She opens one of the double white doors exposing me to a large area filled with tables where people are playing board games, couches where people are gathered sharing smoothies or milkshakes, and oversized chairs angled towards one another where people are engaged in laughter. The entire room feels like a snap shot from a Leave It To Beaver episode. It's frightening. This facade they've created to give the misleading impression that the visitors actually want you to feel as if you still matter to them, that you're not some stigma in their otherwise healthy life, reminds me of the one my mother tried to create for me. This entire scene is an ode to my adolescence.
In the time I've been here, no one has yet to visit me. Honestly, it's what I expected.

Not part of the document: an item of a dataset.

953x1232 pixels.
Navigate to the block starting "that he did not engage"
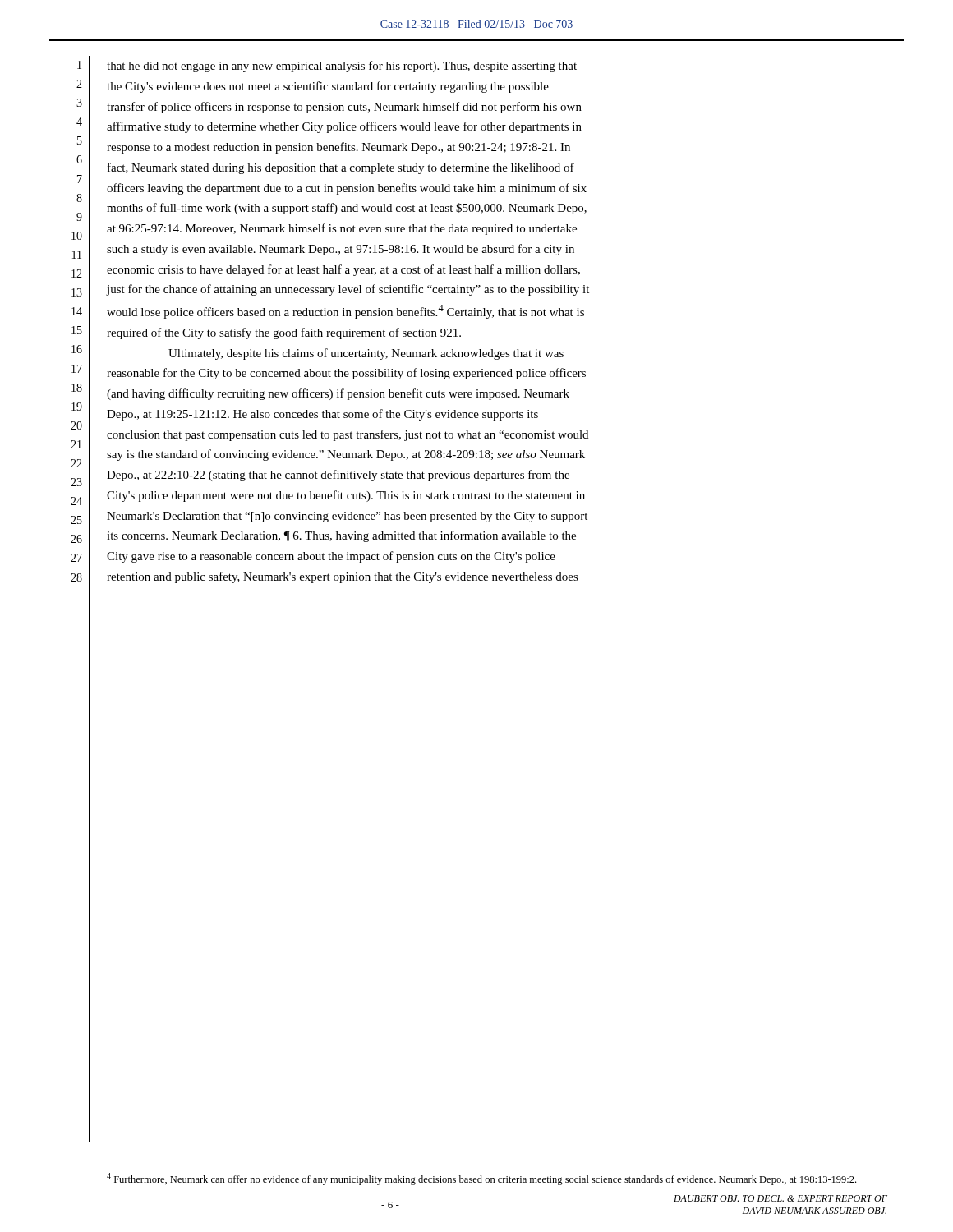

My father pays the bill, so he doesn't have to speak to me while my mother insists that once her own life is back together, she'll make the time to rehabilitate mine. Once upon a time, I bought into that idea. I even went so far as to believe her when she said she would do whatever she could to help get my feet back on steady ground because that's what a mother should do. I believed her because I wanted something, fuck anything, to hold onto at that point. That was a life time ago. Back before I tangled myself up in delivering drugs for the ZD MC just to feed my fix. Back before I was attending prescription pills in P.J.'s parties. Back when I had hope that I could still make it out of the hell my life had turned into with self-respect.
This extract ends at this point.